Tuesday, June 06, 2006

Mind how you go

What would Sergeant Dixon (originally of Paddington Green but killed there in “The Blue Lamp” and resurrected for the Dock Green nick) have said about this report?

The Press Association tells us [not, apparently, on line] of a curious conclusion a new report by Her Majesty’s Inspector of Constabulary (HMIC) has come to. Looking at vetting procedures in police forces in England and Wales, the report has found 40 loopholes, which means that, in effect, those vetting procedures are worth very little.

Smaller police forces, it is said, are finding the whole process particularly difficult, time-consuming and expensive. They are sternly enjoined to put national procedures into place by next April at the latest. Presumably, this is another step towards those mergers, so dear to the heart of our politicians and civil servants.

Actually, it seems a little pointless to put national procedures into place if there are these 40 major loopholes. The most interesting ones relate to EU nationals who might want to work in the British police force. I wouldn’t have thought that is a terribly good idea at the best of times but even less so because it is impossible to carry out proper checks in a number of countries.
“In effect, current policy means that forces can reject a United Kingdom applicant with a caution from three years and a day ago, but they can accept a war criminal from a country where checks are not possible.”
That seems a little over the top. One can hardly envisage WWII war criminals still being spry enough to get into our police, unfit though many of its members are. On the other hand, of course, there are the French officers who are serving in CĂ´te d’Ivoire or with the UN in DR Congo.

There are the former secret police officers from the Baltic and other former Communist states. Not necessarily war criminals (how their minds do run on that category) but frequently guilty of humanitarian crimes.
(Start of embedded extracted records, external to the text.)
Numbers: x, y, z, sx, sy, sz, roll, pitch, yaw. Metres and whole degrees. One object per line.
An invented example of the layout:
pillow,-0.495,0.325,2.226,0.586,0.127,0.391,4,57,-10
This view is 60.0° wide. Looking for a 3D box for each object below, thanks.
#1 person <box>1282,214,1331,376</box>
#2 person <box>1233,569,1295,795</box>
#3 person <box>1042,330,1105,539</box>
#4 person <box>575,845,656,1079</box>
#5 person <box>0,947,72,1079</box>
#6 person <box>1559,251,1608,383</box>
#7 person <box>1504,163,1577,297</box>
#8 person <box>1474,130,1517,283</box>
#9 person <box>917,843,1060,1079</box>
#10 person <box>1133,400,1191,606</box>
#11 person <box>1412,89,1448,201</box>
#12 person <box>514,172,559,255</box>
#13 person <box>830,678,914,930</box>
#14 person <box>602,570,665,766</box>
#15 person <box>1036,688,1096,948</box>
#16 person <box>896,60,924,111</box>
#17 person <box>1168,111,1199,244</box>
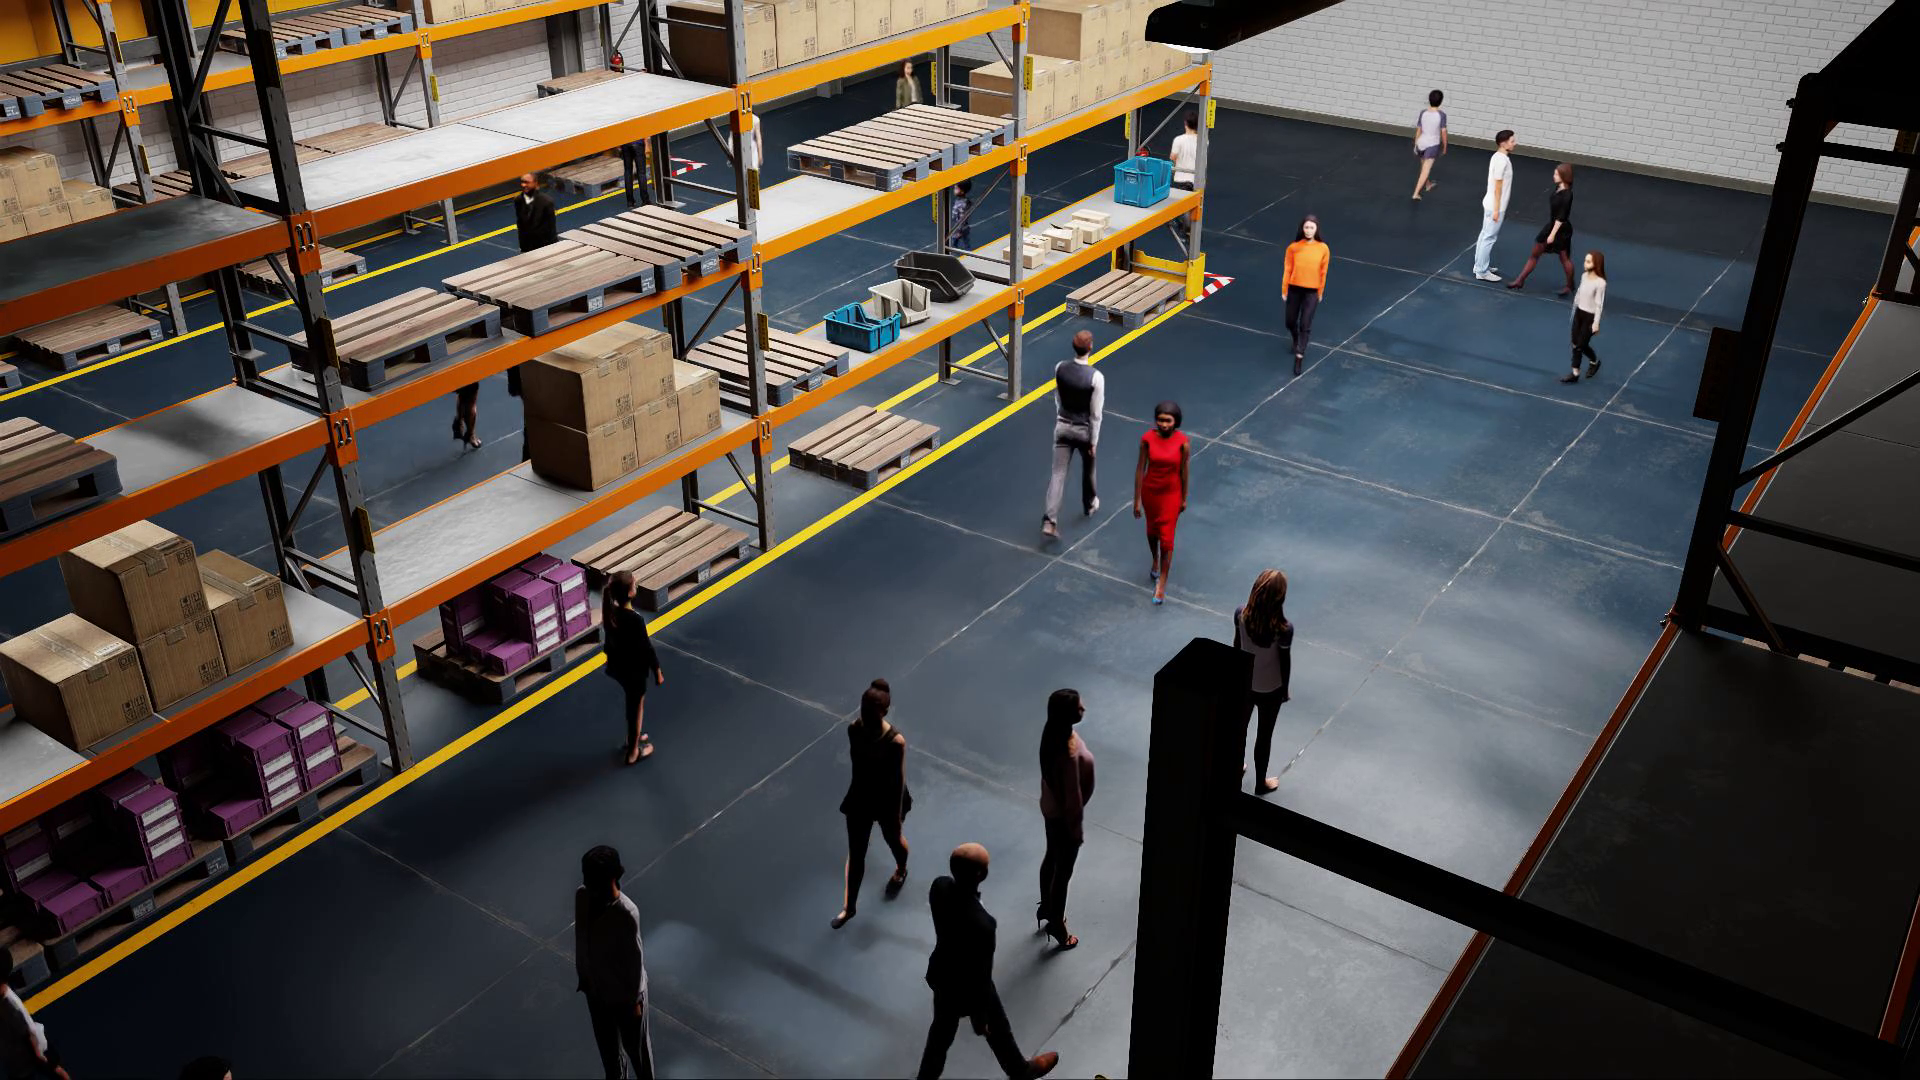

The real problem is considerably less dramatic. A number of the EU member states have inadequate central criminal records and it is next to impossible to find out whether a certain applicant has a record or not.

It would, one presumes, be possible to decide that anyone whose record cannot be proved to be pristine is not allowed to become a police officer, police staff or “non-police personnel with access to police premises”. Police forces do not come under Single Market rules and the usual crime of discrimination need not apply.

Failing that, we should, at the very least, have clear rules, on the basis of the precautionary principle, about not taking any present or former French or Italian politician.